New MintsLoader Variant Using Hashtable Obfuscation
Blackpoint’s SOC recently responded to an intrusion that initially looked like another routine Fake Captcha chain, but it quickly became clear the threat actor was working with a more refined version of MintsLoader than what’s typically seen.
The first foothold came from a Finger request, a decades-old protocol that still lingers on modern systems and has become an appealing delivery mechanism for recent Fake Captcha and ClickFix campaigns. The Finger query pulled down the first PowerShell stager and executed it in memory, kicking off a familiar chained progression of lightweight loaders, GUID-based staging URLs, and a deterministic domain generation used to cycle through candidate domains until one returns the next payload.
At a glance, the flow matched what the SOC has come to expect from this ecosystem. But the final stage introduced a noticeable twist. Instead of relying on the simple string scrambling and arithmetic tricks seen in earlier variants, this sample used a full Hashtable based decoding system to conceal its internal strings and embedded payload. It’s a noticeably more sophisticated approach than what MintsLoader normally uses, reflecting how the family’s obfuscation has continued to evolve.
Key Findings
- Initial access came through a Finger request that quietly pulled and ran a PowerShell stager in memory.
- The early loaders followed the expected MintsLoader pattern, passing execution down a chain of lightweight PowerShell stages.
- The script generated ten .top domains using MintsLoader’s deterministic domain generation to retrieve the next payload.
- Each staging request used the familiar 1.php?s=<GUID> format that shows up across MintsLoader activity.
- Responses from a working domain were executed immediately through a familiar Invoke-Expression alias, mitresa.
- The final stage introduced a Hashtable based decoder, a more structured obfuscation method than earlier variants.
- A base64-encoded, Gzip-compressed .NET assembly was unpacked in memory and invoked via reflection.
- While the overall flow was typical for Fake Captcha linked MintsLoader cases, the new Hashtable layer stood out as a notable evolution.
Observed Kill Chain
Finger on the Trigger
The incident began with a command that leaned on a tool most people haven’t thought about since dial-up. The Finger client was originally designed as a simple way to query basic user information from remote systems, a kind of early “who’s online” lookup service. It was never built with security in mind, and over the years it slipped into obscurity as modern protocols took over.
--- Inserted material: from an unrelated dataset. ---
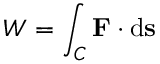<formula> <loc_0><loc_0><loc_500><loc_500>W = \int _ { C } F \cdot d s</formula> 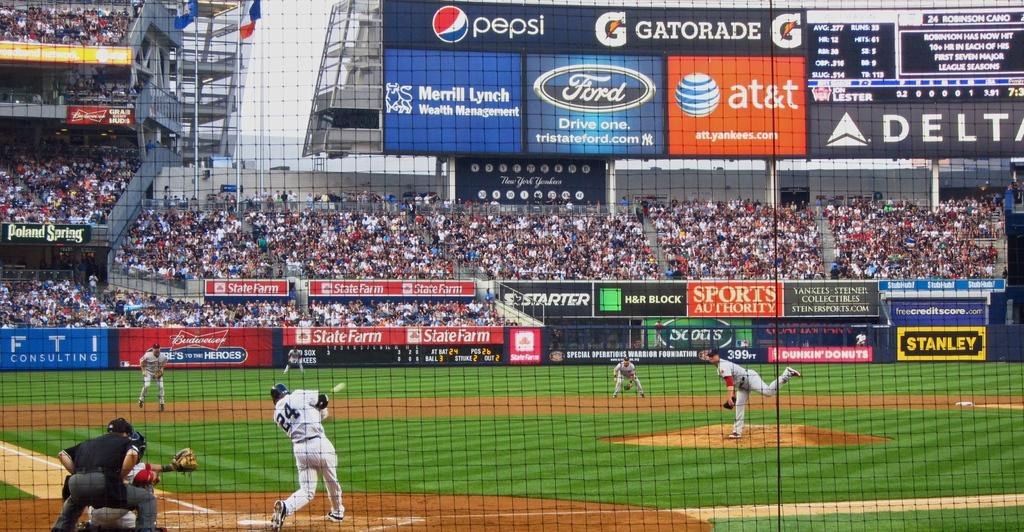<image>
Offer a succinct explanation of the picture presented. A baseball player swinging at a pitch with the number 24 on it.

That quiet retirement is exactly what makes it appealing again, because it sits in that awkward space where it still exists on many Windows systems, yet almost no one is watching it.
That gap is now being exploited by several ClickFix and Fake Captcha campaigns, which have started repurposing Finger as a low noise delivery mechanism. In this case, the host launched a minimized shell that issued a request with finger.exe to cloudflare@cfcheckver[.]top, a pairing that fits neatly into the Fake Cloudflare Captcha theme these campaigns rely on. Whatever text that server returns is then piped straight into cmd for immediate execution. For the operator, this is ideal. It avoids file writes, blends into background activity, and slips under a lot of defensive radar simply because it abuses a tool that most people do not expect to be part of a modern intrusion.
Initial Fake Captcha abusing Finger to pull and execute remote content.
The response received from the Finger command is the first stage of a MintsLoader payload, a loader family that has become increasingly common in Fake Captcha and ClickFix intrusion chains. MintsLoader is built around a modular, multi-stage design where each component does just enough work to move execution forward while keeping the entire chain in memory. Instead of dropping a large, monolithic loader, it relies on small PowerShell stagers, obfuscated URL builders, and lightweight download cradles to remain quiet and flexible. The powershell.exe -w h -e <base64> command that follows is how this first stage begins, launching PowerShell in a hidden window and running the attacker’s encoded script without exposing any readable code on disk.
Decoded Stage 1 MintsLoader PowerShell script.
Looking at the decoded PowerShell, the script starts by quietly setting up its tools. It builds the string curl in pieces and assigns it to the alias mitresa, a name that consistently appears across MintsLoader samples and serves as one of its more recognizable fingerprints. After establishing that alias, the script iterates through a long array of integers, subtracts 6820 from each value, and converts the result into a character. As the loop progresses, those characters assemble into the real destination URL, which follows the familiar MintsLoader pattern of a 1.php endpoint paired with an ?s= query parameter containing a GUID.
Once the URL is rebuilt, the script stores it in a state array and immediately pivots into execution. The final line dynamically constructs iex through a small arithmetic trick, then evaluates the output of mitresa -useb $url. Effectively, it retrieves the next stage through the aliased curl command and runs the returned PowerShell directly in memory. This stage stays lightweight, hides infrastructure behind obfuscation, and transitions execution to the next part of the MintsLoader chain.
Deobfuscated MintsLoader logic used to fetch and execute the next stage.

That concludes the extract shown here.